Hace pocos días, haciendo un trámite bancario, me topé con una grata sorpresa. En la cola, burocrática e interminable, había delante de mí, una mujer leyendo. Muy a despecho de los muchos usuarios que, en distintos puntos del banco, aprovechaban la desidia de los guardias y hablaban por teléfono a diestra y siniestra.
Yo había llevado mi libro, para matar el tiempo (en realidad para ganarlo) y me encuentro con una grata sorpresa: “Muerte en el Nilo”, de Agatha Christie, libro al que, la referida mujer, leía con avidez. Le pregunté si había visto la película y me dijo que no, que primero prefería el libro y luego vería la película. Allí, para mí, la misma, se definió: era una lectora de calidad.

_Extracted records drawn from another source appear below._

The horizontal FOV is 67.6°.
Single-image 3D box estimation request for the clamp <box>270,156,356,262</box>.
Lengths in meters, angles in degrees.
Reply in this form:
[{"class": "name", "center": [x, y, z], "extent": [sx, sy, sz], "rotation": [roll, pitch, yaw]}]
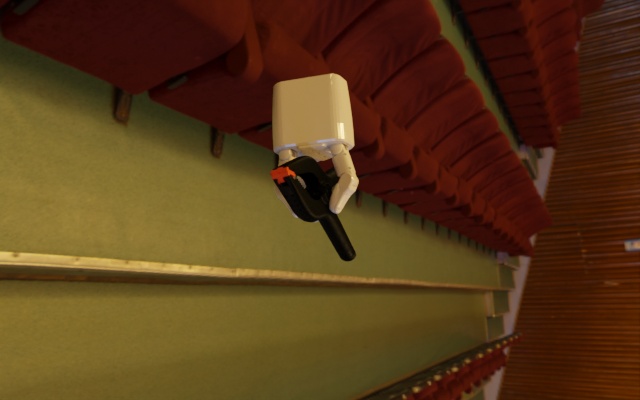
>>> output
[{"class": "clamp", "center": [0.001, 0.002, 0.692], "extent": [0.036, 0.164, 0.210], "rotation": [-13, -15, 27]}]
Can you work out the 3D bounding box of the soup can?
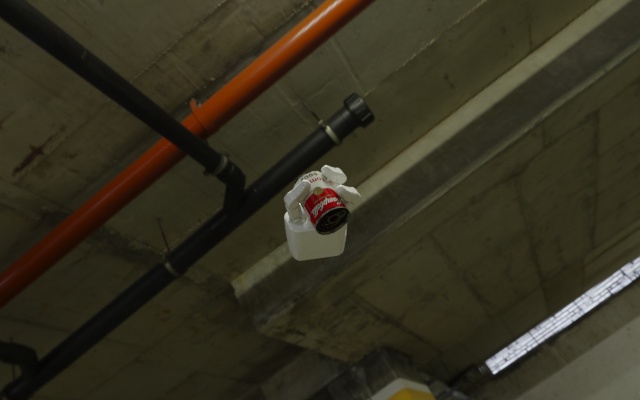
[{"bbox_3d":[0.000,0.002,0.864,0.068,0.068,0.102,0,43,-37],"label":"soup can"}]
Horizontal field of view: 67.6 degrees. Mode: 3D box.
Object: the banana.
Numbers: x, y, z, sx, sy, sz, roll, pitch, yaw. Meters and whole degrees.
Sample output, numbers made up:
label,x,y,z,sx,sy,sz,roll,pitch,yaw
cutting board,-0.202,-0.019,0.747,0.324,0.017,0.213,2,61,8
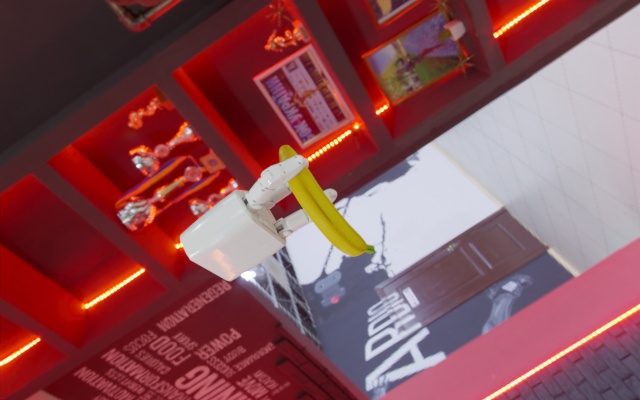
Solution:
label,x,y,z,sx,sy,sz,roll,pitch,yaw
banana,0.000,0.007,0.648,0.037,0.198,0.069,-38,1,10
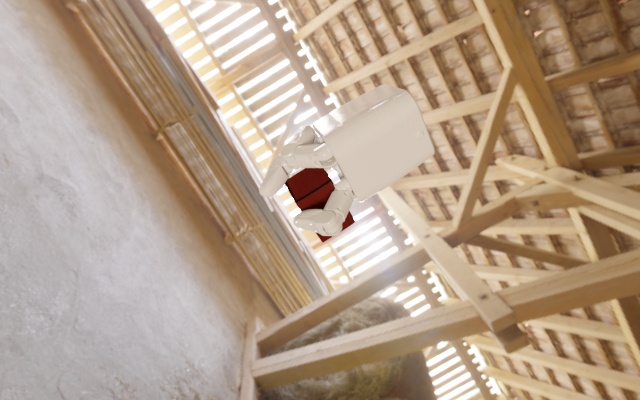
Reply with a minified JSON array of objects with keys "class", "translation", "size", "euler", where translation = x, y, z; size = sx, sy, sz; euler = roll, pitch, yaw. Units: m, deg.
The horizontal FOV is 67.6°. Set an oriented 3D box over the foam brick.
[{"class":"foam brick","translation":[0.000,0.002,0.589],"size":[0.051,0.078,0.053],"euler":[-32,39,0]}]
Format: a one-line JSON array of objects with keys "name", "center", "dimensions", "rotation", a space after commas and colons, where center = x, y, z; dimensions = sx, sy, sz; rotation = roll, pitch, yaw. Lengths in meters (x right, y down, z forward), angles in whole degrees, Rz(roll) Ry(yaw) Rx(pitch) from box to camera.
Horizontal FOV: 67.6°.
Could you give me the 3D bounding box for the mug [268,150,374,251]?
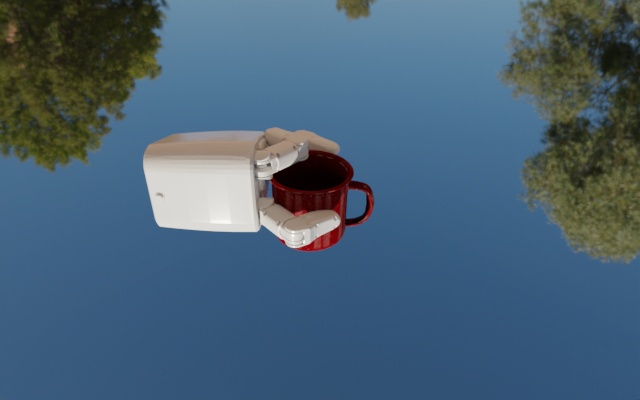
[{"name": "mug", "center": [0.002, 0.002, 0.527], "dimensions": [0.117, 0.082, 0.093], "rotation": [2, 33, 2]}]
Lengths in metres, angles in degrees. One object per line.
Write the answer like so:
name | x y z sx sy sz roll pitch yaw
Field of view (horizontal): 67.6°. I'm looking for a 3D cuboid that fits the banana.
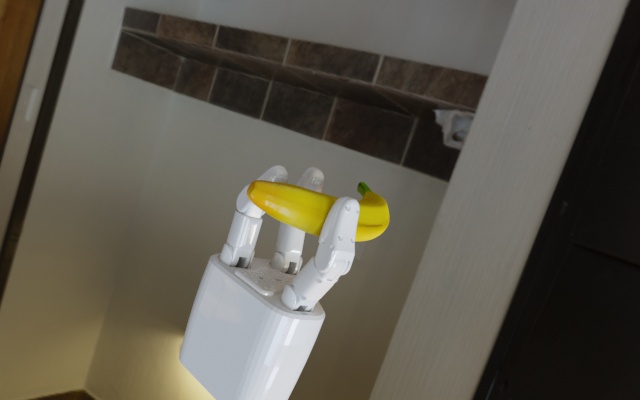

En un tiempo en que el “text neck” (síndrome de cuello) ataca al grueso de la población por obra y gracia de los aparatos celulares y la constante postura. casi reverencial de la gente, hacia los mencionados aparatos, con los consecuentes dolores posturales, ver a alguien agachada, honrando a la Christie, era todo un hallazgo.
En última instancia, la rigidez cervical de la encantadora lectora, le valdrá un buen aporte a su cultura y no una siembra en el infértil campo de la futilidad.
Yo leía a Vargas Llosa, ¿“Quien mató a Palomino Molero”?, libro que le valió al autor peruano el Premio Nobel 2010. Ella le hacía honores a la escritora inglesa de misterios, más reconocida de la historia.
En medio de sonidos de sellos, chirridos de celulares y energía densa, tanto el peruano como la inglesa hacían la diferencia.
En algún momento en que leía una parte crucial de la novela de Vargas Llosa conjeturaba: ¿Se habrá imaginado este hombre, mientras escribía estas líneas, que me iba a hacer placentero un trámite engorroso?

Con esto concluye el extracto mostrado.